In their appeal, the human rights groups point out that the new measures will lead to a sharp increase in the level of persecution for ‘dissent’, as well as of government control over society. Under threat of administrative or criminal prosecution, any debate or discussion on issues of public concern will be stifled.  

A legal basis is being created for the prohibition by the authorities of any initiative that critically assesses government policies or even deviates from them. As a result, the activities of NGOs, civic initiatives, mass media and active citizens will be strongly restricted even further. In addition, many people living in Russia will be deprived of qualified assistance in protecting their civil, political, social and economic rights and the right to a healthy environment, in receiving services in the field of education, health care and other areas of work of civil society organisations.

It is clear that these legal instruments are aimed at further suppressing civil society in Russia and restricting fundamental freedoms, including freedom of association, freedom of peaceful assembly, freedom of expression, and freedom to disseminate and receive information. The difficult situation of Russian civil society and Russian citizens, who have been subjected to ever increasing pressure over the past decade, will deteriorate further as a result of the application of these norms. We are convinced that these laws and bills unlawfully restrict constitutional rights and freedoms and contradict Russia’s international obligations within the framework of the Council of Europe, the UN and the OSCE.”

The authors of the appeal ask for “immediate reaction”, although the measures they propose largely fall within the broader framework of deep concern and condemnation.

Moscow has demonstrated its indifference to messages of concern, deep or otherwise, and needs significantly harsher measures. 
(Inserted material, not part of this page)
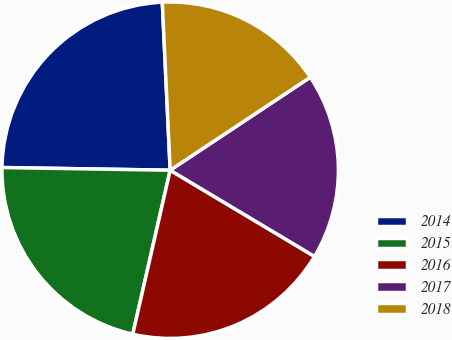Convert chart. <chart><loc_0><loc_0><loc_500><loc_500><pie_chart><fcel>2014<fcel>2015<fcel>2016<fcel>2017<fcel>2018<nl><fcel>24.0%<fcel>21.68%<fcel>20.0%<fcel>17.89%<fcel>16.42%<nl></chart> 
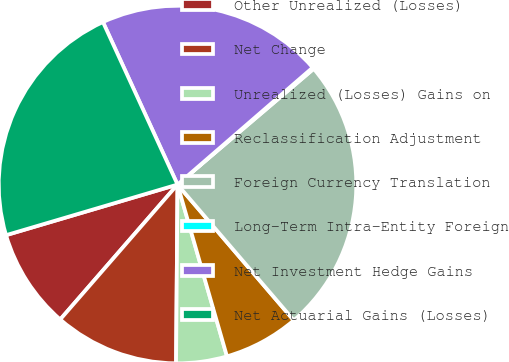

The first Ukrainian political prisoners have been in Russian captivity for well over six years and the sentences, especially against Crimean Tatars who dared to show solidarity with political prisoners and / or peacefully practise their faith are now significantly higher than those used against dissidents in the last decades of the Soviet regime.  Real sanctions, including against those FSB officers; prosecutors and judges complicit in such persecution, are needed now.